**YOUR TASK**
Lines containing the word "faces" are the ones to copy from the records below.
[GIVEN INFORMATION — start]
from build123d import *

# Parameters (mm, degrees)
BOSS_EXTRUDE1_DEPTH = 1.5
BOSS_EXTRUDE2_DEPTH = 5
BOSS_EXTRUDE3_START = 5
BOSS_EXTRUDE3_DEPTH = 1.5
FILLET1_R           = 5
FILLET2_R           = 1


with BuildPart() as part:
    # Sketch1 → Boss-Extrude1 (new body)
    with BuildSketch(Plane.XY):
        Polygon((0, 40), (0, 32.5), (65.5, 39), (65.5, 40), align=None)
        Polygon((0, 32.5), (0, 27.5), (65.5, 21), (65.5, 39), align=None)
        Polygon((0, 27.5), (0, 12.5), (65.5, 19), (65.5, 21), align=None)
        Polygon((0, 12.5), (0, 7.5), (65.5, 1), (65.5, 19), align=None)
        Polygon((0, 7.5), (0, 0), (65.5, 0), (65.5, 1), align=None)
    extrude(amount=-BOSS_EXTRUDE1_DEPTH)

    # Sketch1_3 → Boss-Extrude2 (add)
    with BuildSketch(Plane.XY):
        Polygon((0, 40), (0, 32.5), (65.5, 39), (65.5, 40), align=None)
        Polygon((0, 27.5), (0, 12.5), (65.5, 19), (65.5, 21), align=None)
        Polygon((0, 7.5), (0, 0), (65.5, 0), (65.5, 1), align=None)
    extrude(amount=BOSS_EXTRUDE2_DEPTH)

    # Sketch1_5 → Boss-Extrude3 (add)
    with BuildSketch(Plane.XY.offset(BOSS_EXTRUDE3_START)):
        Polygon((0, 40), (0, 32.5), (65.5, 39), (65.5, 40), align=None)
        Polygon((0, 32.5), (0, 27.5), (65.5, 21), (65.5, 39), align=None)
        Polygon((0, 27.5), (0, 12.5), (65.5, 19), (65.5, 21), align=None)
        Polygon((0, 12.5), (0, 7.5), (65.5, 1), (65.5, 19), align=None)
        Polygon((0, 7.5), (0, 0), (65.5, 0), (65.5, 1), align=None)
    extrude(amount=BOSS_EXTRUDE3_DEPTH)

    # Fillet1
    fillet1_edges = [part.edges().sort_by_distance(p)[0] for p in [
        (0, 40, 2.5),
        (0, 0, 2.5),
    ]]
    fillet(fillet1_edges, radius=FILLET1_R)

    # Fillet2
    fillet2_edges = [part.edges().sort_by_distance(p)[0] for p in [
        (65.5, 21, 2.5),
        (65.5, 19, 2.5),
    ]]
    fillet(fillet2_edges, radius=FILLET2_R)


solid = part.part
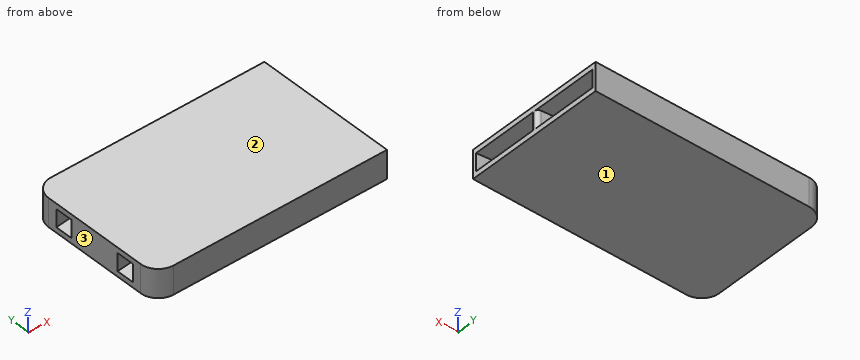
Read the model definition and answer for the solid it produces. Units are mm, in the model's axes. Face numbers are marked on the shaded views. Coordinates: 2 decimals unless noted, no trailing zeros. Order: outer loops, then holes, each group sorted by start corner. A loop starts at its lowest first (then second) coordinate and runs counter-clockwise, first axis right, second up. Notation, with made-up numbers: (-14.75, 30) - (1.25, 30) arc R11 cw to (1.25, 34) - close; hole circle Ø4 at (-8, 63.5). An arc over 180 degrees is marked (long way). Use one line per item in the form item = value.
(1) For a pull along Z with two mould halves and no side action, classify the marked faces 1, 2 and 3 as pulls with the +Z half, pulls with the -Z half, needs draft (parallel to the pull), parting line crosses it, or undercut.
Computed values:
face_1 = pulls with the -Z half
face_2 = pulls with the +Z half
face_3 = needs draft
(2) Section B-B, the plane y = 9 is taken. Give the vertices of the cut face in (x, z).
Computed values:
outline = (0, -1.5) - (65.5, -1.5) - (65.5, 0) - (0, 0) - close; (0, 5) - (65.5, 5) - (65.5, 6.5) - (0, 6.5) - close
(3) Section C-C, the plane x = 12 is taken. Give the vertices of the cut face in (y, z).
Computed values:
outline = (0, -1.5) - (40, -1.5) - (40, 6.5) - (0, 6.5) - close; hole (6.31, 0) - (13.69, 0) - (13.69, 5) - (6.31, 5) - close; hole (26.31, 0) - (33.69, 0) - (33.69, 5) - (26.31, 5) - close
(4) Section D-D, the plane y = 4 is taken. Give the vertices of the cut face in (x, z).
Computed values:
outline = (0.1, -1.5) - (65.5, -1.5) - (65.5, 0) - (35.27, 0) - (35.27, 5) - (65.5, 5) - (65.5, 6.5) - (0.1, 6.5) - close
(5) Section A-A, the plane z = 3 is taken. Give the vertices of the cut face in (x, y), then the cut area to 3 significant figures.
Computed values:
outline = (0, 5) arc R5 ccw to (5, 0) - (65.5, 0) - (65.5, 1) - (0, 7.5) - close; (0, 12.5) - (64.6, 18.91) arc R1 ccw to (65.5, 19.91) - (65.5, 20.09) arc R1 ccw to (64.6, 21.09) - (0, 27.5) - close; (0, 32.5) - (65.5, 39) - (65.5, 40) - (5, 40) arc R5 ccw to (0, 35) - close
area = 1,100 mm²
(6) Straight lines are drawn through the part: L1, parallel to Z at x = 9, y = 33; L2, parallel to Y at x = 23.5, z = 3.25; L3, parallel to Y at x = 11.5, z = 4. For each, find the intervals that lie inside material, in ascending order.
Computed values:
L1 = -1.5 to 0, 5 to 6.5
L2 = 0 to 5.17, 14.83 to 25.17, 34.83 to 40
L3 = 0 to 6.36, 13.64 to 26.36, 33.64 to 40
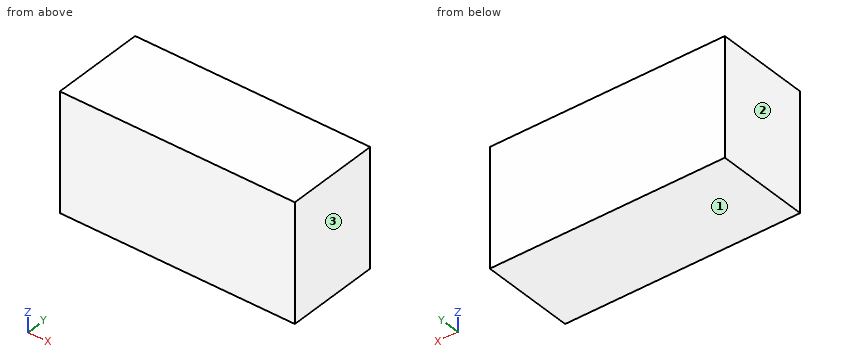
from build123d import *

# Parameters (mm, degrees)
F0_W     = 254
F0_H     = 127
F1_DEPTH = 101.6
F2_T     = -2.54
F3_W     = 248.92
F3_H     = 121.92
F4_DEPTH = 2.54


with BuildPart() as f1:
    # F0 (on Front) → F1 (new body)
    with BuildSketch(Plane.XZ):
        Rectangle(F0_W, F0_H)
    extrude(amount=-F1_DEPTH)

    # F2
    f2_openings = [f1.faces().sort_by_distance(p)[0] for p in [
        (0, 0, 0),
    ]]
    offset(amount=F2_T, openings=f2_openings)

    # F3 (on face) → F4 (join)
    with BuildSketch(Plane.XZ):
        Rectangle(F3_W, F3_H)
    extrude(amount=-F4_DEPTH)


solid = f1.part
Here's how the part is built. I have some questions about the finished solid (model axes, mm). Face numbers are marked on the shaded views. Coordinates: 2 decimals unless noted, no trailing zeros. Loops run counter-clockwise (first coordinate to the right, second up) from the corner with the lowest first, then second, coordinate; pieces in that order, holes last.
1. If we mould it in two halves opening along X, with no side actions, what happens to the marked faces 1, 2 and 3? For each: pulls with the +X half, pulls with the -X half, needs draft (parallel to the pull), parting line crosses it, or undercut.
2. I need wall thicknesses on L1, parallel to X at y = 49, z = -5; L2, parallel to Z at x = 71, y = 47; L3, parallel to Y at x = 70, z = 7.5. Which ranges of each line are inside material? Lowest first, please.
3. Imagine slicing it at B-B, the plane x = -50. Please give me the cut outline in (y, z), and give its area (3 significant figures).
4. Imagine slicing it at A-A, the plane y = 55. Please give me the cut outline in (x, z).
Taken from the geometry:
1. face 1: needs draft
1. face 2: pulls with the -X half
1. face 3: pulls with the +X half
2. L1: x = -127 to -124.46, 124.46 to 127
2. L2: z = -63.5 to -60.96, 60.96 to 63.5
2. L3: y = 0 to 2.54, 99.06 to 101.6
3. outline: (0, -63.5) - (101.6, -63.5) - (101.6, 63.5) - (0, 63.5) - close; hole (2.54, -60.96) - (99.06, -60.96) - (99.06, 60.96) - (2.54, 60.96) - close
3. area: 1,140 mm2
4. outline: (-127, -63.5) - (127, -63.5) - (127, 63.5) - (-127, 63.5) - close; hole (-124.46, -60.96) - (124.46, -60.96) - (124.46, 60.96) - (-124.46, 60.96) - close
[GIVEN INFORMATION — finish]
**RESPONSE**
(1) For a pull along Z with two mould halves and no side action, classify the marked faces 1, 2 and 3 as pulls with the +Z half, pulls with the -Z half, needs draft (parallel to the pull), parting line crosses it, or undercut.
    f2_openings = [f1.faces().sort_by_distance(p)[0] for p in [
1. If we mould it in two halves opening along X, with no side actions, what happens to the marked faces 1, 2 and 3? For each: pulls with the +X half, pulls with the -X half, needs draft (parallel to the pull), parting line crosses it, or undercut.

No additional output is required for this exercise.